● **What you are asked to do**
The answer must be every line of the records below that contains the word "highest".

[Opening Extracted entries section]

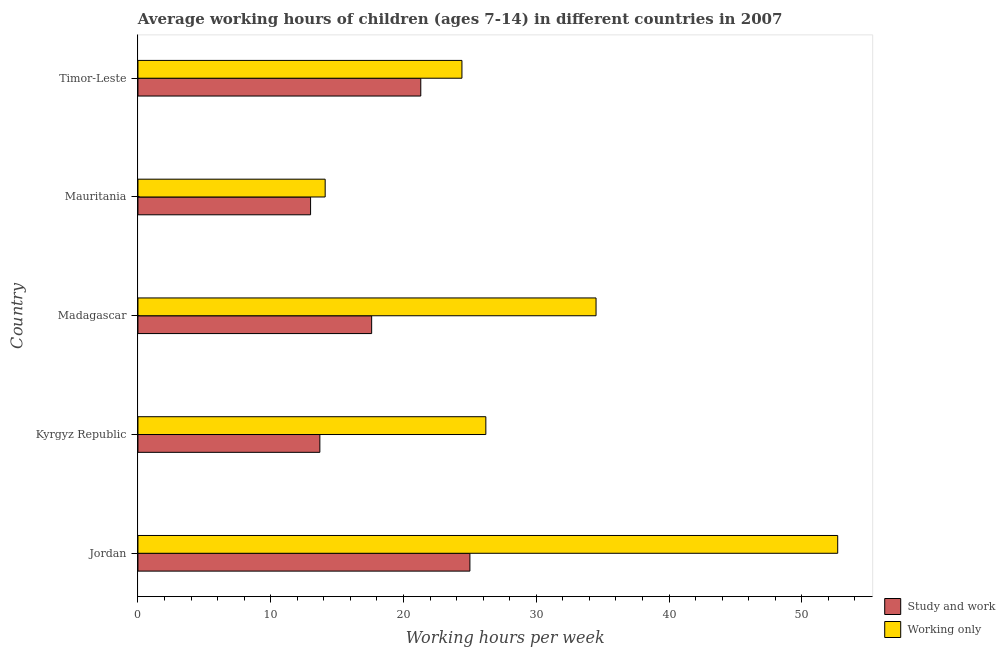How many different coloured bars are there?
Ensure brevity in your answer.  2. How many groups of bars are there?
Ensure brevity in your answer.  5. Are the number of bars per tick equal to the number of legend labels?
Ensure brevity in your answer.  Yes. How many bars are there on the 3rd tick from the top?
Ensure brevity in your answer.  2. How many bars are there on the 3rd tick from the bottom?
Offer a very short reply. 2. What is the label of the 4th group of bars from the top?
Your answer should be compact. Kyrgyz Republic. What is the average working hour of children involved in study and work in Kyrgyz Republic?
Provide a short and direct response. 13.7. Across all countries, what is the maximum average working hour of children involved in only work?
Offer a very short reply. 52.7. In which country was the average working hour of children involved in study and work maximum?
Give a very brief answer. Jordan. In which country was the average working hour of children involved in study and work minimum?
Give a very brief answer. Mauritania. What is the total average working hour of children involved in only work in the graph?
Your response must be concise. 151.9. What is the difference between the average working hour of children involved in study and work in Kyrgyz Republic and the average working hour of children involved in only work in Timor-Leste?
Your answer should be compact. -10.7. What is the average average working hour of children involved in study and work per country?
Offer a terse response. 18.12. What is the difference between the average working hour of children involved in study and work and average working hour of children involved in only work in Jordan?
Your response must be concise. -27.7. In how many countries, is the average working hour of children involved in only work greater than 6 hours?
Provide a succinct answer. 5. What is the ratio of the average working hour of children involved in study and work in Jordan to that in Timor-Leste?
Offer a terse response. 1.17. Is the difference between the average working hour of children involved in only work in Madagascar and Mauritania greater than the difference between the average working hour of children involved in study and work in Madagascar and Mauritania?
Give a very brief answer. Yes. What is the difference between the highest and the second highest average working hour of children involved in study and work?
Offer a very short reply. 3.7. What is the difference between the highest and the lowest average working hour of children involved in only work?
Make the answer very short. 38.6. What does the 2nd bar from the top in Timor-Leste represents?
Keep it short and to the point. Study and work. What does the 2nd bar from the bottom in Jordan represents?
Keep it short and to the point. Working only. How many bars are there?
Your answer should be compact. 10. How many countries are there in the graph?
Offer a very short reply. 5. What is the difference between two consecutive major ticks on the X-axis?
Provide a succinct answer. 10. Are the values on the major ticks of X-axis written in scientific E-notation?
Your answer should be very brief. No. Does the graph contain any zero values?
Make the answer very short. No. How are the legend labels stacked?
Provide a succinct answer. Vertical. What is the title of the graph?
Provide a short and direct response. Average working hours of children (ages 7-14) in different countries in 2007. What is the label or title of the X-axis?
Keep it short and to the point. Working hours per week. What is the Working hours per week in Study and work in Jordan?
Keep it short and to the point. 25. What is the Working hours per week of Working only in Jordan?
Provide a succinct answer. 52.7. What is the Working hours per week of Working only in Kyrgyz Republic?
Ensure brevity in your answer.  26.2. What is the Working hours per week in Study and work in Madagascar?
Keep it short and to the point. 17.6. What is the Working hours per week of Working only in Madagascar?
Provide a succinct answer. 34.5. What is the Working hours per week of Working only in Mauritania?
Ensure brevity in your answer.  14.1. What is the Working hours per week of Study and work in Timor-Leste?
Your answer should be very brief. 21.3. What is the Working hours per week in Working only in Timor-Leste?
Offer a terse response. 24.4. Across all countries, what is the maximum Working hours per week in Study and work?
Your answer should be compact. 25. Across all countries, what is the maximum Working hours per week in Working only?
Offer a terse response. 52.7. Across all countries, what is the minimum Working hours per week in Working only?
Your answer should be compact. 14.1. What is the total Working hours per week in Study and work in the graph?
Your answer should be very brief. 90.6. What is the total Working hours per week of Working only in the graph?
Keep it short and to the point. 151.9. What is the difference between the Working hours per week of Working only in Jordan and that in Kyrgyz Republic?
Your answer should be very brief. 26.5. What is the difference between the Working hours per week in Study and work in Jordan and that in Mauritania?
Make the answer very short. 12. What is the difference between the Working hours per week of Working only in Jordan and that in Mauritania?
Give a very brief answer. 38.6. What is the difference between the Working hours per week in Working only in Jordan and that in Timor-Leste?
Offer a very short reply. 28.3. What is the difference between the Working hours per week of Working only in Kyrgyz Republic and that in Madagascar?
Your answer should be compact. -8.3. What is the difference between the Working hours per week in Working only in Kyrgyz Republic and that in Mauritania?
Ensure brevity in your answer.  12.1. What is the difference between the Working hours per week of Study and work in Kyrgyz Republic and that in Timor-Leste?
Your answer should be compact. -7.6. What is the difference between the Working hours per week in Working only in Kyrgyz Republic and that in Timor-Leste?
Give a very brief answer. 1.8. What is the difference between the Working hours per week of Study and work in Madagascar and that in Mauritania?
Provide a succinct answer. 4.6. What is the difference between the Working hours per week of Working only in Madagascar and that in Mauritania?
Your response must be concise. 20.4. What is the difference between the Working hours per week in Study and work in Madagascar and that in Timor-Leste?
Keep it short and to the point. -3.7. What is the difference between the Working hours per week in Working only in Madagascar and that in Timor-Leste?
Give a very brief answer. 10.1. What is the difference between the Working hours per week in Study and work in Mauritania and that in Timor-Leste?
Offer a terse response. -8.3. What is the difference between the Working hours per week of Working only in Mauritania and that in Timor-Leste?
Your response must be concise. -10.3. What is the difference between the Working hours per week in Study and work in Jordan and the Working hours per week in Working only in Kyrgyz Republic?
Provide a succinct answer. -1.2. What is the difference between the Working hours per week of Study and work in Jordan and the Working hours per week of Working only in Madagascar?
Provide a short and direct response. -9.5. What is the difference between the Working hours per week of Study and work in Jordan and the Working hours per week of Working only in Timor-Leste?
Provide a short and direct response. 0.6. What is the difference between the Working hours per week in Study and work in Kyrgyz Republic and the Working hours per week in Working only in Madagascar?
Give a very brief answer. -20.8. What is the difference between the Working hours per week in Study and work in Madagascar and the Working hours per week in Working only in Mauritania?
Your answer should be compact. 3.5. What is the difference between the Working hours per week in Study and work in Madagascar and the Working hours per week in Working only in Timor-Leste?
Give a very brief answer. -6.8. What is the average Working hours per week in Study and work per country?
Your response must be concise. 18.12. What is the average Working hours per week of Working only per country?
Offer a terse response. 30.38. What is the difference between the Working hours per week of Study and work and Working hours per week of Working only in Jordan?
Ensure brevity in your answer.  -27.7. What is the difference between the Working hours per week of Study and work and Working hours per week of Working only in Madagascar?
Your response must be concise. -16.9. What is the difference between the Working hours per week in Study and work and Working hours per week in Working only in Mauritania?
Make the answer very short. -1.1. What is the difference between the Working hours per week in Study and work and Working hours per week in Working only in Timor-Leste?
Your response must be concise. -3.1. What is the ratio of the Working hours per week of Study and work in Jordan to that in Kyrgyz Republic?
Your answer should be very brief. 1.82. What is the ratio of the Working hours per week in Working only in Jordan to that in Kyrgyz Republic?
Offer a terse response. 2.01. What is the ratio of the Working hours per week of Study and work in Jordan to that in Madagascar?
Provide a short and direct response. 1.42. What is the ratio of the Working hours per week of Working only in Jordan to that in Madagascar?
Offer a terse response. 1.53. What is the ratio of the Working hours per week of Study and work in Jordan to that in Mauritania?
Give a very brief answer. 1.92. What is the ratio of the Working hours per week of Working only in Jordan to that in Mauritania?
Make the answer very short. 3.74. What is the ratio of the Working hours per week in Study and work in Jordan to that in Timor-Leste?
Offer a terse response. 1.17. What is the ratio of the Working hours per week of Working only in Jordan to that in Timor-Leste?
Your answer should be very brief. 2.16. What is the ratio of the Working hours per week of Study and work in Kyrgyz Republic to that in Madagascar?
Offer a terse response. 0.78. What is the ratio of the Working hours per week in Working only in Kyrgyz Republic to that in Madagascar?
Offer a terse response. 0.76. What is the ratio of the Working hours per week of Study and work in Kyrgyz Republic to that in Mauritania?
Keep it short and to the point. 1.05. What is the ratio of the Working hours per week in Working only in Kyrgyz Republic to that in Mauritania?
Offer a terse response. 1.86. What is the ratio of the Working hours per week in Study and work in Kyrgyz Republic to that in Timor-Leste?
Your answer should be very brief. 0.64. What is the ratio of the Working hours per week of Working only in Kyrgyz Republic to that in Timor-Leste?
Offer a terse response. 1.07. What is the ratio of the Working hours per week of Study and work in Madagascar to that in Mauritania?
Provide a short and direct response. 1.35. What is the ratio of the Working hours per week in Working only in Madagascar to that in Mauritania?
Provide a succinct answer. 2.45. What is the ratio of the Working hours per week in Study and work in Madagascar to that in Timor-Leste?
Make the answer very short. 0.83. What is the ratio of the Working hours per week in Working only in Madagascar to that in Timor-Leste?
Give a very brief answer. 1.41. What is the ratio of the Working hours per week of Study and work in Mauritania to that in Timor-Leste?
Provide a short and direct response. 0.61. What is the ratio of the Working hours per week of Working only in Mauritania to that in Timor-Leste?
Provide a short and direct response. 0.58. What is the difference between the highest and the second highest Working hours per week in Working only?
Provide a succinct answer. 18.2. What is the difference between the highest and the lowest Working hours per week in Working only?
Ensure brevity in your answer.  38.6. 
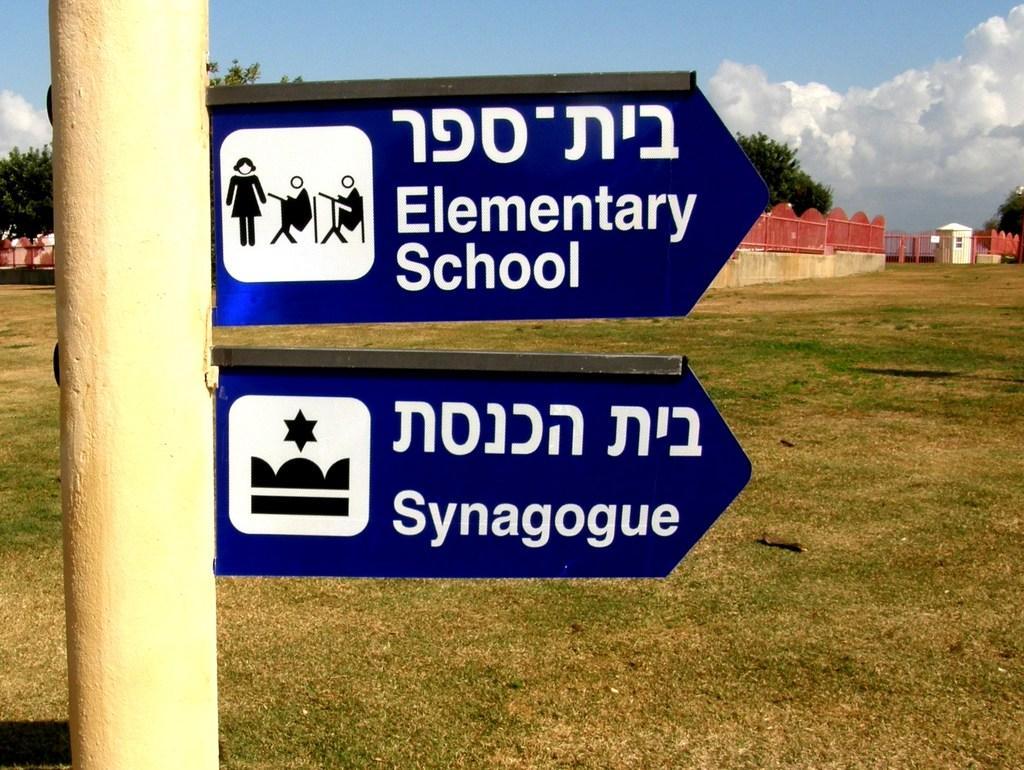In one or two sentences, can you explain what this image depicts? In this image there is a pole in the middle to which there are two birds. At the bottom there is a ground on which there is grass. In the background there is a wall on which there is red color fence. At the top there is the sky. There are trees behind the fence. On the right side top there is a small hut. 
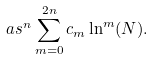Convert formula to latex. <formula><loc_0><loc_0><loc_500><loc_500>\ a s ^ { n } \sum _ { m = 0 } ^ { 2 n } c _ { m } \ln ^ { m } ( N ) .</formula> 
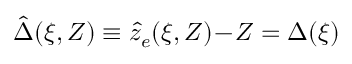<formula> <loc_0><loc_0><loc_500><loc_500>\hat { \Delta } ( \xi , Z ) \equiv \hat { z } _ { e } ( \xi , Z ) \, - \, Z = \Delta ( \xi )</formula> 
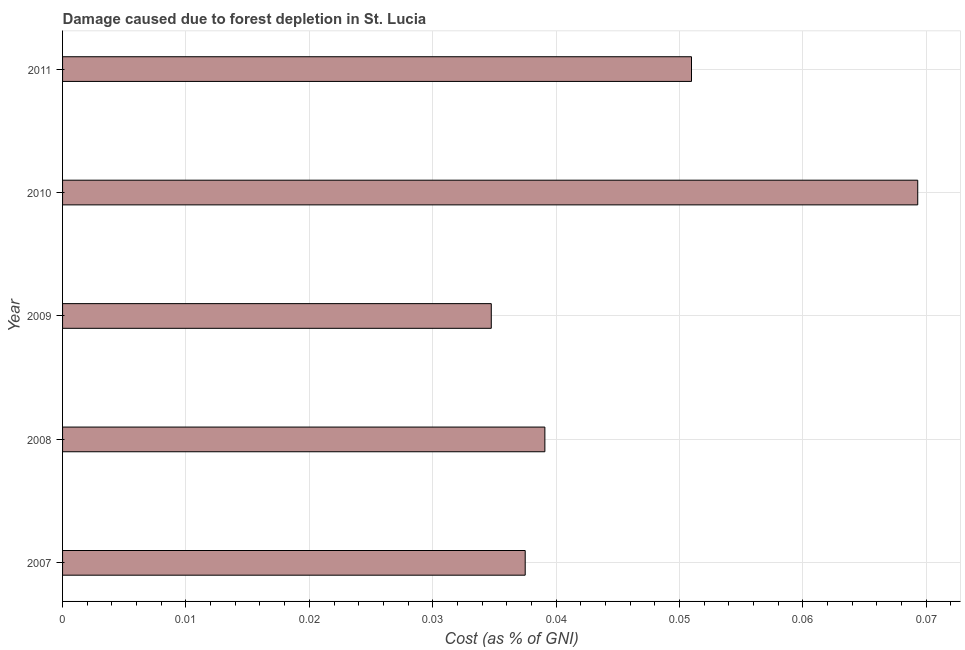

[Closing Extracted entries section]

● **Output below**
Give a very brief answer. Yes. What is the difference between the highest and the second highest average working hour of children involved in study and work?
Offer a very short reply. 3.7. What is the difference between the highest and the lowest average working hour of children involved in only work?
Provide a short and direct response. 0.58. What is the difference between the highest and the second highest Working hours per week in Working only?
Provide a succinct answer. 18.2. What is the difference between the highest and the lowest Working hours per week in Working only?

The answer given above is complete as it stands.